> Exercise brief: Exactly the lines from the start of the entries through the line with "0.8x + 85$$" are required in the output, with no pictures among them.

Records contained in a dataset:
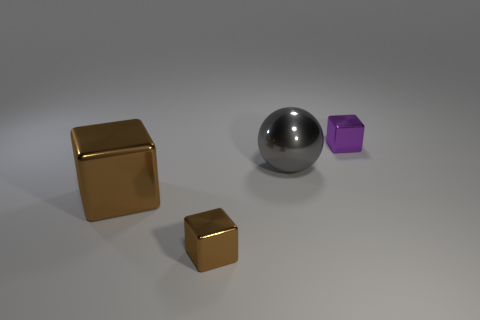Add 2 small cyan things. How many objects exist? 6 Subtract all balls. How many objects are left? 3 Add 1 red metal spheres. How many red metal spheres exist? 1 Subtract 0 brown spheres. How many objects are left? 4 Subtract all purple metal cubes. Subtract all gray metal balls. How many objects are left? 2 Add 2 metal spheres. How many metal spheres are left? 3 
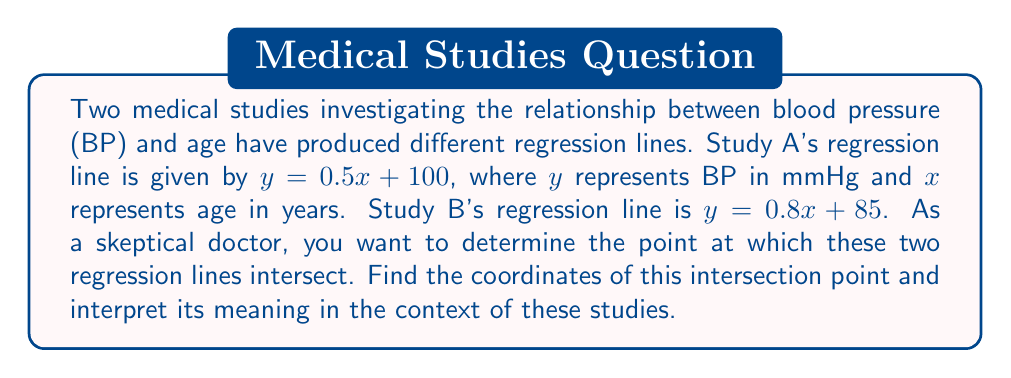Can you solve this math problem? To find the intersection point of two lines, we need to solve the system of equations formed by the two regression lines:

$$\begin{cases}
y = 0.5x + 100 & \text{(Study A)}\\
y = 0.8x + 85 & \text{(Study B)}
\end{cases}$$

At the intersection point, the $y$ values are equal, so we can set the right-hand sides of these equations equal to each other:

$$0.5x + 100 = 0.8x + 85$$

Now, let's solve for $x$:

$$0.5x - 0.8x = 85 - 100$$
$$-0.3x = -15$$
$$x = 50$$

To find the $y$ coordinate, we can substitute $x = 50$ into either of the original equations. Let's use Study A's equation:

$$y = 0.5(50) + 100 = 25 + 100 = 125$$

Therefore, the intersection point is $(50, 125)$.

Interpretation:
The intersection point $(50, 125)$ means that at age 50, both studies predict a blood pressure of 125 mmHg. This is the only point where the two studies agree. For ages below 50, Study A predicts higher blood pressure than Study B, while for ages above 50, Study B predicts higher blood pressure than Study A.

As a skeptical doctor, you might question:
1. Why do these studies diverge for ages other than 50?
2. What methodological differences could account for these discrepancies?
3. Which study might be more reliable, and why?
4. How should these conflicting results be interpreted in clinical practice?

> Output for this exercise:
Add 2 small cyan things. How many objects exist? 6 Subtract all balls. How many objects are left? 3 Add 1 red metal spheres. How many red metal spheres exist? 1 Subtract 0 brown spheres. How many objects are left? 4 Subtract all purple metal cubes. Subtract all gray metal balls. How many objects are left? 2 Add 2 metal spheres. How many metal spheres are left? 3 
Can you solve this math problem? To find the intersection point of two lines, we need to solve the system of equations formed by the two regression lines:

$$\begin{cases}
y = 0.5x + 100 & \text{(Study A)}\\
y = 0.8x + 85 & \text{(Study B)}
\end{cases}$$

At the intersection point, the $y$ values are equal, so we can set the right-hand sides of these equations equal to each other:

$$0.5x + 100 = 0.8x + 85$$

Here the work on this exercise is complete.